In general, density estimation algorithms are classified as parametric and non-parametric. Parametric algorithms assume that the samples are drawn from a known parametric family of distributions with a fixed set of parameters, such as the Gaussian mixture models [2]. Performance of such estimators rely on the validity of the assumed models, and therefore they are unsuitable for estimating an evolving density. In non-parametric approaches, the data are allowed to speak for themselves in determining the density estimate. As a representative, kernel density estimation (KDE) [2] has been widely used for estimating the global density in the study of swarm robotic systems [3, 4, 5]. It is known that the performance of KDE largely depends on a smoothing parameter called the bandwidth [2]. When the samples are stationary, many bandwidth selection techniques have been proposed, such as cross-validation [2], adaptive bandwidth [6] and the plug-in technique [7]. Such techniques are heuristic in general, since any predefined optimality of bandwidth selection requires certain information of the unknown density. They are also not suitable for dynamic estimation which requires the algorithm to be computationally efficient and adapt to the density evolution. For dynamic density estimation, many adaptations of KDE have been proposed in the domain of data stream mining [8]. In such problems, the dynamics of the density are usually unknown, and therefore little can be claimed about the convergence of the algorithm.

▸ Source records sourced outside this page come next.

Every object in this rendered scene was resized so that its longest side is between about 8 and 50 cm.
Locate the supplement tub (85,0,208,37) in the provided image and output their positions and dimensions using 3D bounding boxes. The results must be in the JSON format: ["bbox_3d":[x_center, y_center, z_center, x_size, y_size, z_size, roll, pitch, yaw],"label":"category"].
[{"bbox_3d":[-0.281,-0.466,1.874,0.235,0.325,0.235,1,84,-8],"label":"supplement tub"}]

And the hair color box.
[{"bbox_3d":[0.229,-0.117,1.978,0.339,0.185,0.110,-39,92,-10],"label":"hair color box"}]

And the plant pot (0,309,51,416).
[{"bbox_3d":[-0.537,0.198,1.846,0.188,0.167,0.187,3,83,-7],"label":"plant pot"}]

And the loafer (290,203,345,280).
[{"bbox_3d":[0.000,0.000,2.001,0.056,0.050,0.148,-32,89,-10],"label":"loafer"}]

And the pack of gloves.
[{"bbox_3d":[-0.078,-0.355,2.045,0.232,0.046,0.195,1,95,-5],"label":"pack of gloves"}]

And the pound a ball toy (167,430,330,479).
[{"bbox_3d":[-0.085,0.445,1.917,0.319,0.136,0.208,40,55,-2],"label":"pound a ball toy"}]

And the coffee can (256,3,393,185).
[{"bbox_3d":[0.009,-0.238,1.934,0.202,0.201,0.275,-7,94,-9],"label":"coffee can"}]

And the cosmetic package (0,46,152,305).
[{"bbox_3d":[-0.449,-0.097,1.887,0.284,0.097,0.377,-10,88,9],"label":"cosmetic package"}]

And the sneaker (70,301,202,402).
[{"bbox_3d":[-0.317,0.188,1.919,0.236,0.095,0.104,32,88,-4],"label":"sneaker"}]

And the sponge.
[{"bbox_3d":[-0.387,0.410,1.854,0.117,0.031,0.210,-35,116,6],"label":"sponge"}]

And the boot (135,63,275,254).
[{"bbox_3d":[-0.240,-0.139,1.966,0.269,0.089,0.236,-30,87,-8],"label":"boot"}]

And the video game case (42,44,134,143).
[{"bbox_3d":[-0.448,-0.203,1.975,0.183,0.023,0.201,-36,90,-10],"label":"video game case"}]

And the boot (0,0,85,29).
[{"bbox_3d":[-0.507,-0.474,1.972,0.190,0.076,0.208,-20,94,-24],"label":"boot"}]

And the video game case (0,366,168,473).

To estimate the global distribution of large-scale agents with known dynamics, an alternative way is to formulate it as a filtering problem, for which there exists a large body of literature, such as the celebrated Kalman filters and their variants [9, 10], the more general Bayesian filters and their Monte Carlo approach, also known as particle filters [11]. Unfortunately, all these methods are known to suffer from the curse of dimensionality, especially for large-scale nonlinear systems. A potential solution is to use the so-called consensus filters [12, 13, 14], which obtain local distribution estimates of the agent system using local Kalman or Bayesian filters, and then compute the global distribution by averaging local estimates through some consensus protocols. However, few conclusions are made concerning the relationship between the true distribution and the estimated global distribution. Moreover, stability analysis is difficult when the agents’ dynamics are nonlinear and time-varying.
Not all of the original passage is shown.